▶ [What you have to do]:
Print back each record unchanged, without pictures.

▶ [Data for analysis]:
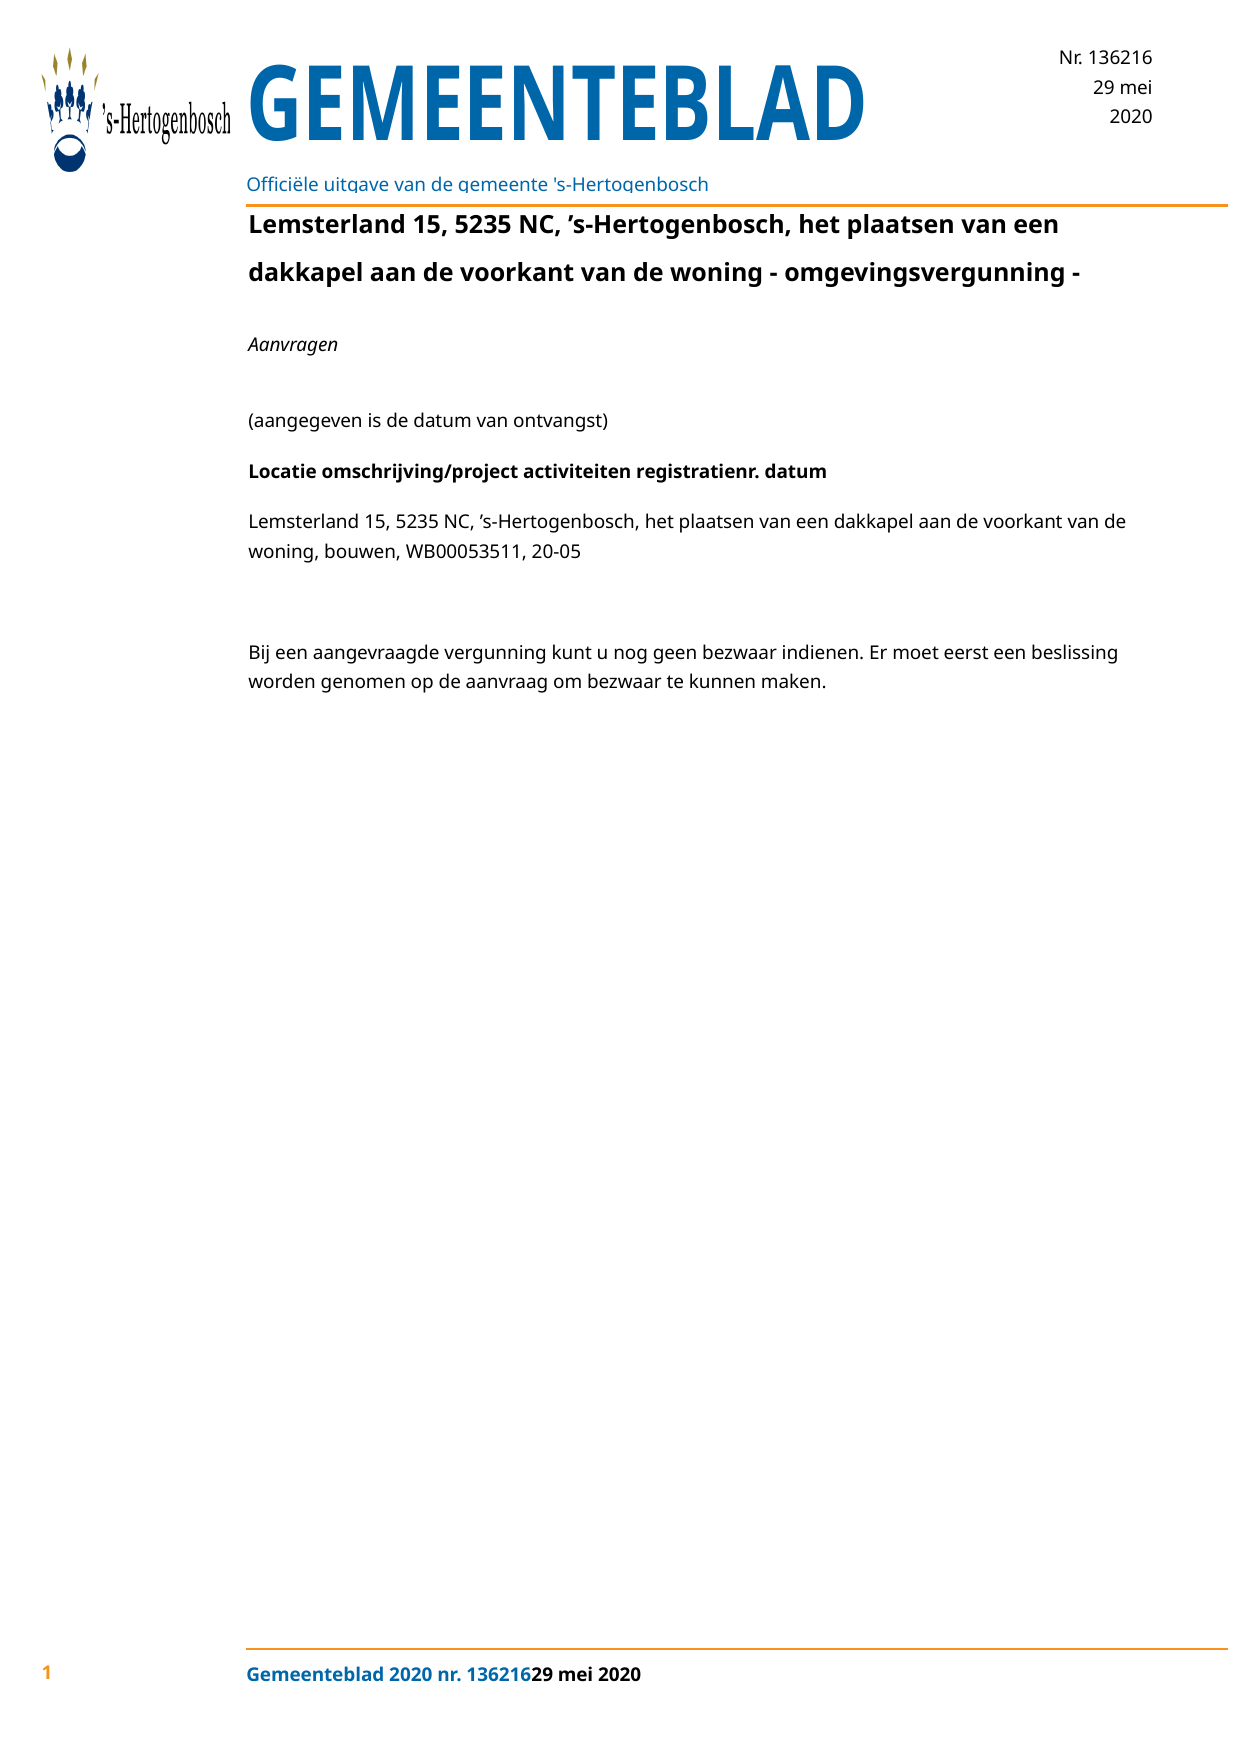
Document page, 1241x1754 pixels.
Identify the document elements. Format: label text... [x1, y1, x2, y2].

text Aanvragen [248, 331, 1152, 357]
picture [41, 47, 231, 172]
text Bij een aangevraagde vergunning kunt u nog geen bezwaar indienen. Er moet eerst een beslissing worden genomen op de aanvraag om bezwaar te kunnen maken. [248, 639, 1152, 694]
text Lemsterland 15, 5235 NC, ’s-Hertogenbosch, het plaatsen van een dakkapel aan de voorkant van de woning, bouwen, WB00053511, 20-05 [248, 508, 1152, 564]
text Locatie omschrijving/project activiteiten registratienr. datum [248, 458, 1152, 484]
text (aangegeven is de datum van ontvangst) [248, 408, 1152, 433]
text Lemsterland 15, 5235 NC, ’s-Hertogenbosch, het plaatsen van een dakkapel aan de voorkant van de woning - omgevingsvergunning - [248, 207, 1152, 288]
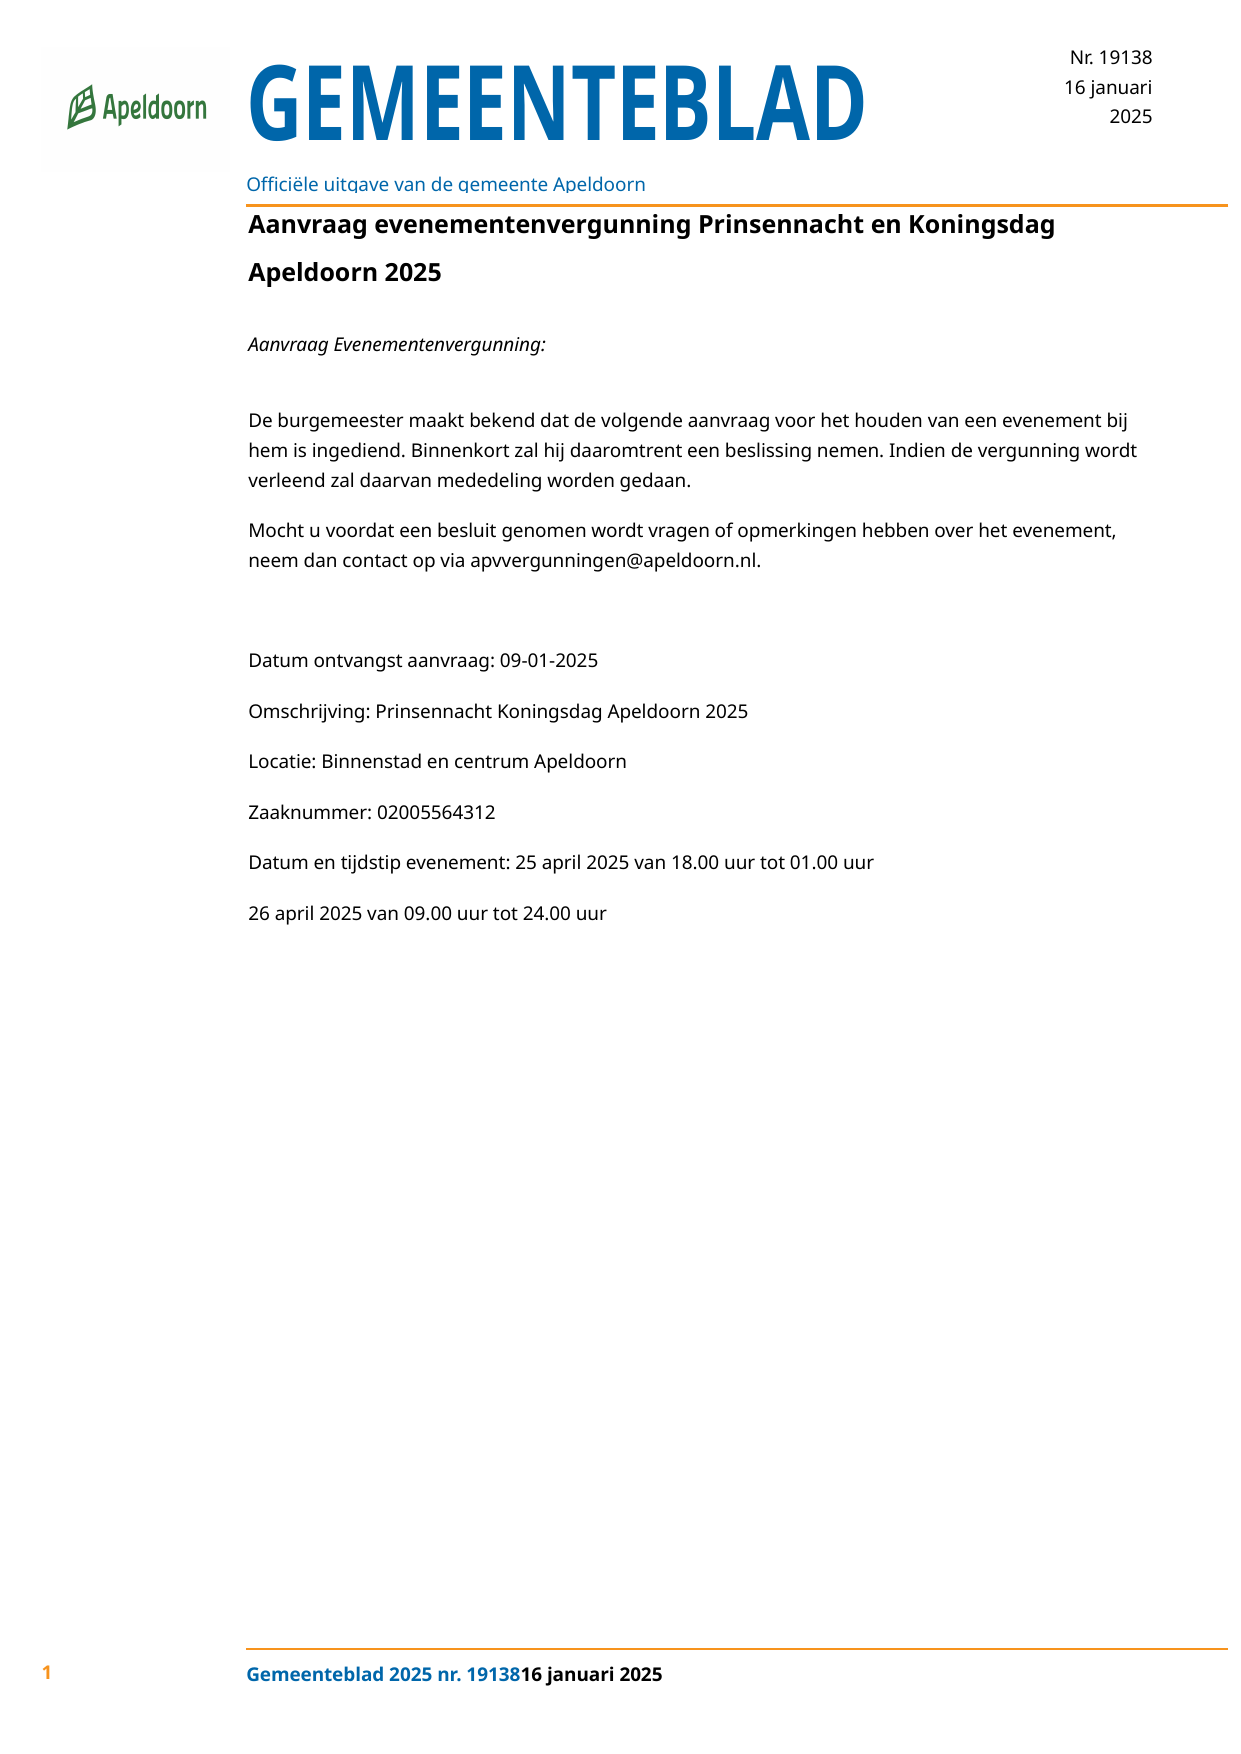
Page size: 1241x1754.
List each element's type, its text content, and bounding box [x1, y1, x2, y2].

text Datum ontvangst aanvraag: 09-01-2025 [248, 648, 1152, 673]
text Aanvraag evenementenvergunning Prinsennacht en Koningsdag Apeldoorn 2025 [248, 207, 1152, 288]
text Zaaknummer: 02005564312 [248, 799, 1152, 824]
text Mocht u voordat een besluit genomen wordt vragen of opmerkingen hebben over het evenement, neem dan contact op via apvvergunningen@apeldoorn.nl. [248, 517, 1152, 572]
text Datum en tijdstip evenement: 25 april 2025 van 18.00 uur tot 01.00 uur [248, 849, 1152, 875]
picture [41, 47, 231, 172]
text De burgemeester maakt bekend dat de volgende aanvraag voor het houden van een evenement bij hem is ingediend. Binnenkort zal hij daaromtrent een beslissing nemen. Indien de vergunning wordt verleend zal daarvan mededeling worden gedaan. [248, 408, 1152, 492]
text Locatie: Binnenstad en centrum Apeldoorn [248, 748, 1152, 774]
text Omschrijving: Prinsennacht Koningsdag Apeldoorn 2025 [248, 698, 1152, 724]
text 26 april 2025 van 09.00 uur tot 24.00 uur [248, 900, 1152, 925]
text Aanvraag Evenementenvergunning: [248, 331, 1152, 357]
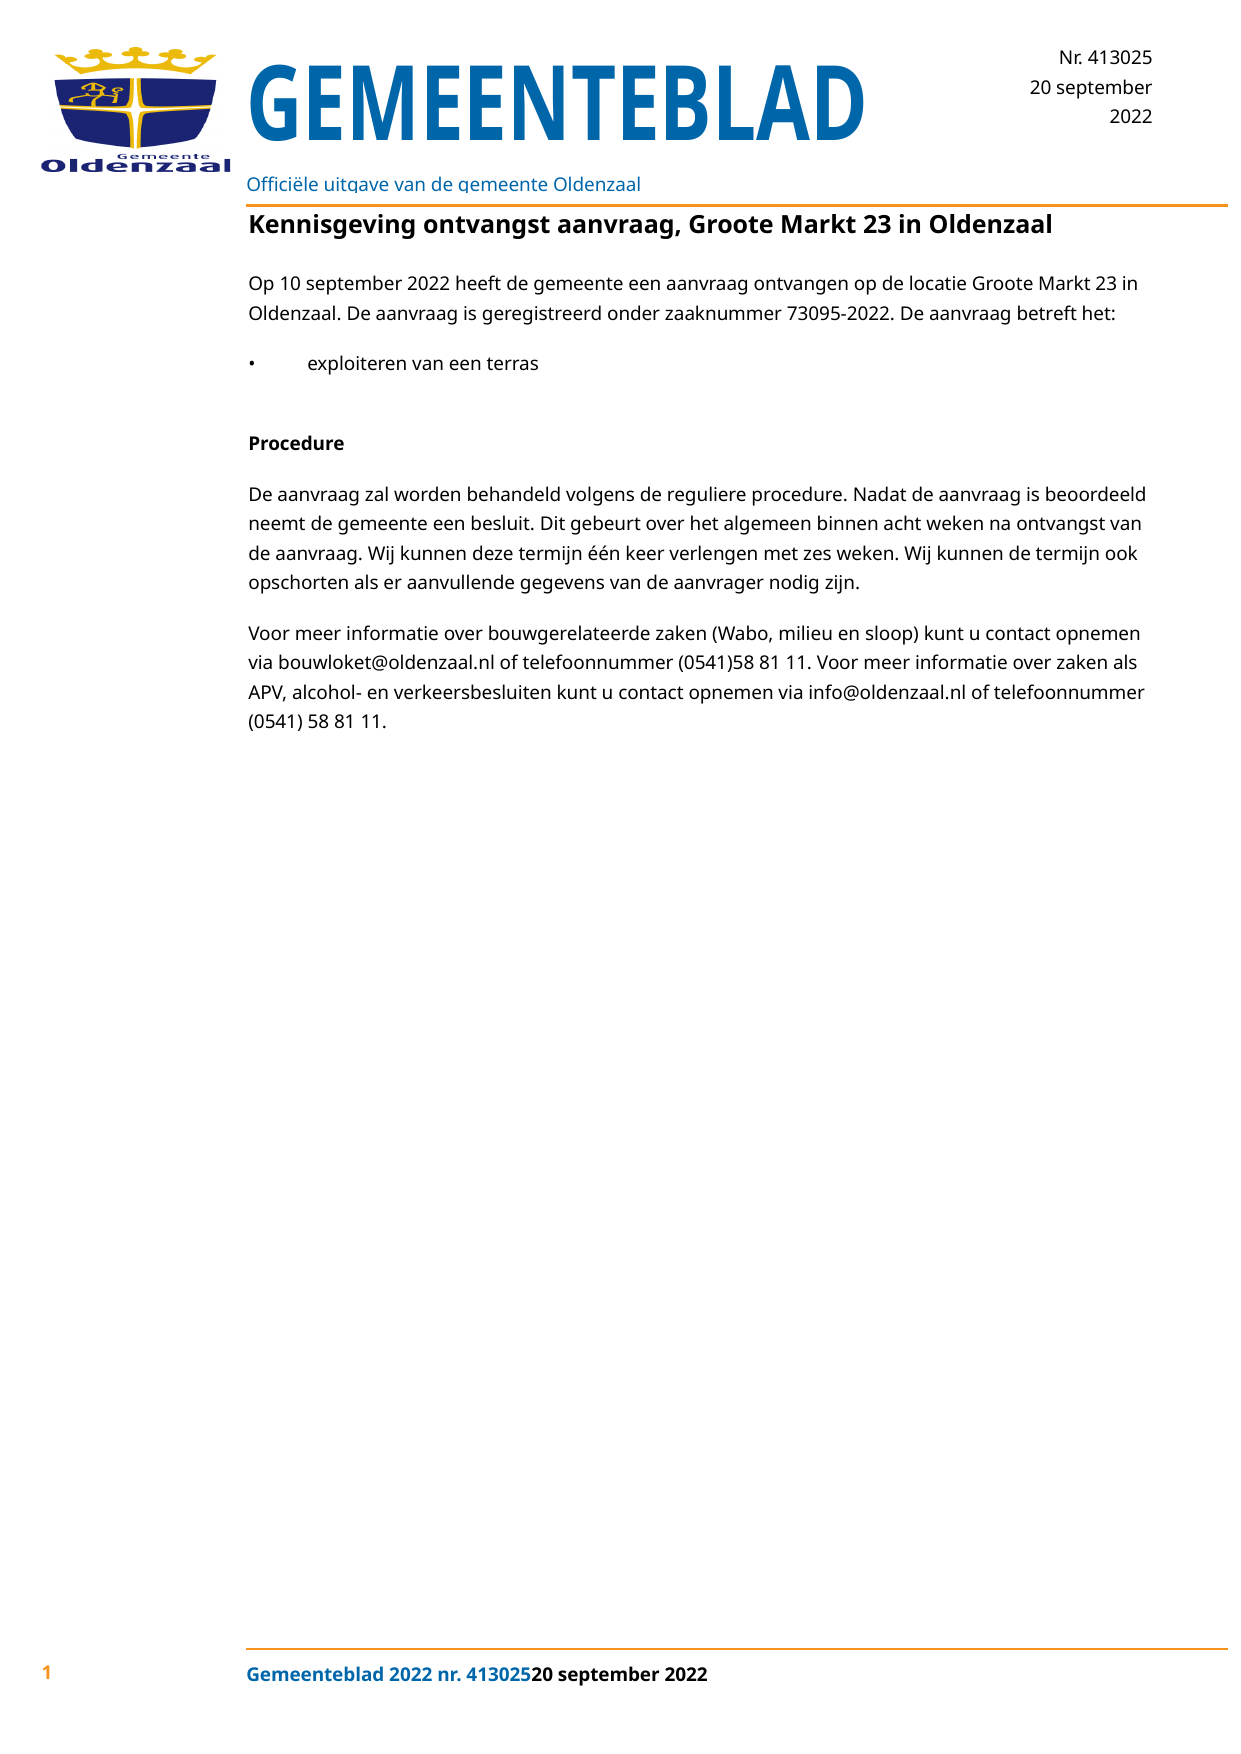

▶ [Result below]:
Document page, 1241x1754 pixels.
Identify the document elements. Format: label text... [x1, y1, x2, y2].

text Aanvragen [248, 331, 1152, 357]
picture [41, 47, 231, 172]
text Bij een aangevraagde vergunning kunt u nog geen bezwaar indienen. Er moet eerst een beslissing worden genomen op de aanvraag om bezwaar te kunnen maken. [248, 639, 1152, 694]
text Lemsterland 15, 5235 NC, ’s-Hertogenbosch, het plaatsen van een dakkapel aan de voorkant van de woning, bouwen, WB00053511, 20-05 [248, 508, 1152, 564]
text Locatie omschrijving/project activiteiten registratienr. datum [248, 458, 1152, 484]
text (aangegeven is de datum van ontvangst) [248, 408, 1152, 433]
text Lemsterland 15, 5235 NC, ’s-Hertogenbosch, het plaatsen van een dakkapel aan de voorkant van de woning - omgevingsvergunning - [248, 207, 1152, 288]
Page size: 1241x1754.
List each element's type, its text content, and bounding box [x1, y1, x2, y2].

text Datum ontvangst aanvraag: 09-01-2025 [248, 648, 1152, 673]
text Aanvraag evenementenvergunning Prinsennacht en Koningsdag Apeldoorn 2025 [248, 207, 1152, 288]
text Zaaknummer: 02005564312 [248, 799, 1152, 824]
text Mocht u voordat een besluit genomen wordt vragen of opmerkingen hebben over het evenement, neem dan contact op via apvvergunningen@apeldoorn.nl. [248, 517, 1152, 572]
text Datum en tijdstip evenement: 25 april 2025 van 18.00 uur tot 01.00 uur [248, 849, 1152, 875]
picture [41, 47, 231, 172]
text De burgemeester maakt bekend dat de volgende aanvraag voor het houden van een evenement bij hem is ingediend. Binnenkort zal hij daaromtrent een beslissing nemen. Indien de vergunning wordt verleend zal daarvan mededeling worden gedaan. [248, 408, 1152, 492]
text Locatie: Binnenstad en centrum Apeldoorn [248, 748, 1152, 774]
text Omschrijving: Prinsennacht Koningsdag Apeldoorn 2025 [248, 698, 1152, 724]
text 26 april 2025 van 09.00 uur tot 24.00 uur [248, 900, 1152, 925]
text Aanvraag Evenementenvergunning: [248, 331, 1152, 357]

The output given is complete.